Guadeloupe: À propos de l’action unitaire actuelle

 À l’initiative d’Élie Domota, dirigeant de l’UGTG et du LKP, près d’une trentaine d’organisations se sont regroupées pour protester contre la situation générale de dégradation des conditions de vie de la population.  
En effet, l’incendie du CHU, du en grande partie à la vétusté de l’hôpital, a été un révélateur brûlant (!) de la politique d’économie criminelle du gouvernement en matière de santé publique. L’empoisonnement des travailleurs agricoles et de la population par le chlordécone, ce pesticide imposé par les gros planteurs békés et par l’État cause toujours plus de victimes. Les sargasses qui pourrissent sur le littoral pourrissent aussi la vie de la population, des élèves et des enseignants des établissements proches et ont entrainé une belle réaction de protestations populaires, en particulier à Marie Galante et à Petit bourg. Les pêcheurs en particulier sont largement touchés car beaucoup ne peuvent plus travailler normalement. Plusieurs comités anti sargasses se sont créés spontanément dans beaucoup de communes. Enfin, le manque d’eau au robinet pour les usagers tracasse la vie de dizaines de milliers d’habitants et constitue le scandale le plus énorme de ce début de siècle en Guadeloupe.
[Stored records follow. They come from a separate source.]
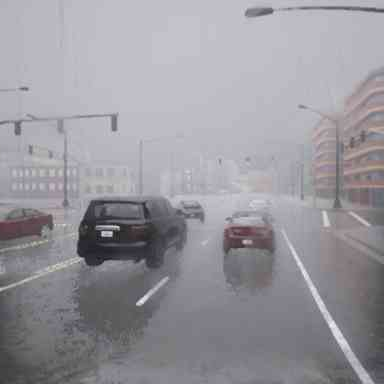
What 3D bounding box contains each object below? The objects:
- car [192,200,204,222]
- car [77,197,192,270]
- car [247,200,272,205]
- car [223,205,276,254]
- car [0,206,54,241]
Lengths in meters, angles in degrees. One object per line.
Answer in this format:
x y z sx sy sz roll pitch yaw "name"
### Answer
-0.351 1.371 24.777 2.128 1.511 4.902 0 1 -9 "car"
-1.676 1.172 11.142 2.150 2.045 5.566 0 0 11 "car"
5.542 1.387 27.452 1.812 1.442 4.674 0 0 14 "car"
2.284 1.469 13.127 1.812 1.442 4.674 0 0 11 "car"
-8.283 1.417 14.769 1.882 1.535 5.008 0 0 12 "car"
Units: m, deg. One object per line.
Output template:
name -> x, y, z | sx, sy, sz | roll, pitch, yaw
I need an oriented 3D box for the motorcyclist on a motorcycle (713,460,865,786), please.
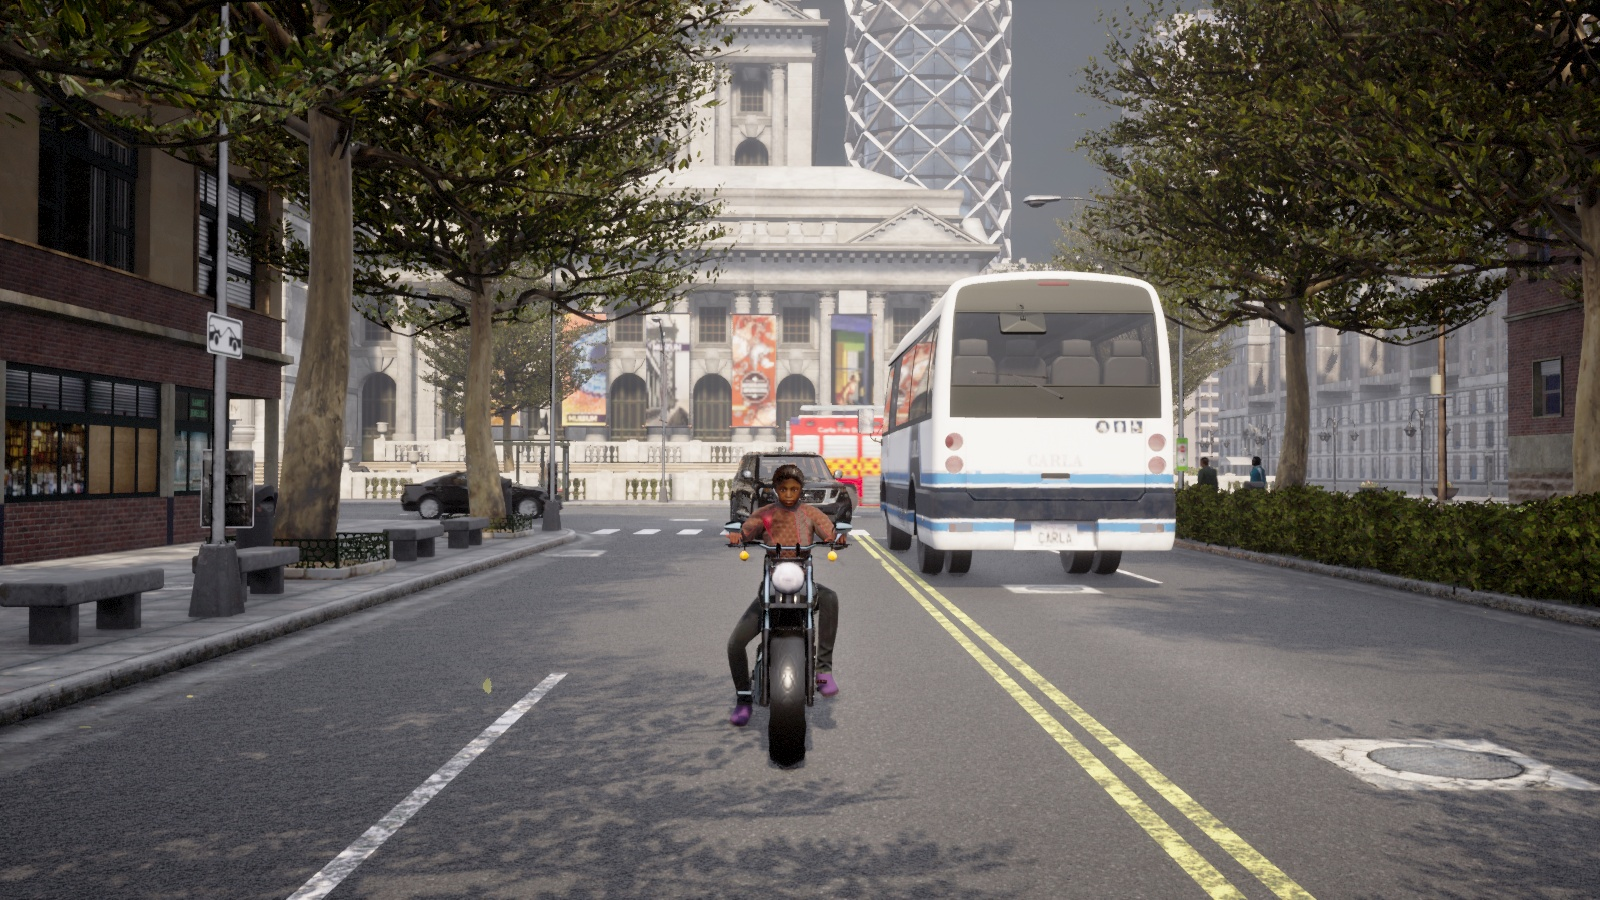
motorcyclist on a motorcycle -> -0.065, 0.892, 7.543 | 0.766, 1.649, 2.350 | 0, -1, -1

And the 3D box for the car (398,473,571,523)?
car -> -9.894, 1.496, 39.657 | 5.008, 1.535, 1.882 | 0, -1, 0

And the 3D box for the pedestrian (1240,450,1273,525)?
pedestrian -> 11.855, 0.971, 32.639 | 0.692, 1.930, 0.396 | 0, -1, -7

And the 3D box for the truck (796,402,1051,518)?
truck -> 4.116, 0.357, 43.222 | 8.468, 3.827, 2.891 | 0, -1, 0

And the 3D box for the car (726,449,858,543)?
car -> -0.332, 1.043, 30.316 | 2.150, 2.045, 5.566 | 0, -1, -12

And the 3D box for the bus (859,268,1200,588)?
bus -> 3.303, -0.209, 21.872 | 3.944, 4.253, 10.273 | 0, -1, 0

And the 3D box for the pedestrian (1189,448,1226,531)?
pedestrian -> 9.768, 0.936, 30.101 | 0.423, 1.949, 0.788 | 0, -1, -23

Tout cela fait dire dans le tract unitaire et dans les déclarations de membres du regroupement que nous devons nous battre pour « le droit à la vie » car « yo vlé tchouyé nou » (ils veulent nous tuer). Sans tomber dans des exagérations et une victimisation outrancières, et en privilégiant la lutte, il est vrai qu’une partie de la population ressent les conséquences de ces problèmes quotidiens comme une petite mort. C’est donc cette situation qui a conduit à la création d’un rassemblement le plus large avec des associations, des syndicats, des partis politiques. Notre organisation Combat ouvrier y participe. Deux réunions communes ont déjà eu lieu ainsi qu’un meeting à Pointe-à-Pitre et un tract unitaire est paru. Les réunions communes ont lieu tous les jeudis au siège de l’UGTG. Une série de meetings et d’actions communes sont prévues pour les semaines et les mois à venir. À la dernière réunion commune, de nouveaux comités et organisations se sont joints à ce rassemblement. C’est une très bonne chose que cette action unitaire s’élargisse le plus possible, en particulier aux groupes, comités et associations émanant de la population des communes et des quartiers. Cela ne peut que renforcer la protestation générale contre la politique du gouvernement et de ses relais locaux. Car ces derniers sont les serviteurs politiques des grosses sociétés capitalistes, des riches, des grosses fortunes békées et des exploiteurs noirs ou indiens.

Cependant, une des conditions pour tenter d’impulser une action la plus large et la plus efficace possible doit être dès maintenant la plus grande démocratie au sein de ce regroupement comme dans ses actions extérieures. Car ce qui a fait échouer ou a limité depuis un demi-siècle bien des actions unitaires a toujours été la volonté de certains d’imposer à tous et contre leur volonté, des actions et une orientation sociale, culturelle et/ou politique. Pour une action unitaire, la plus large et la plus efficace possible c’est l’unité dans l’action qui doit primer.

Pour l’heure, si ce regroupement peut faciliter et renforcer les revendications des travailleurs et de la population sur le problème des sargasses, de la santé publique, du chlordécone, de l’eau, il est utile et nécessaire, et seul l’avenir nous dira jusqu’où il peut aller.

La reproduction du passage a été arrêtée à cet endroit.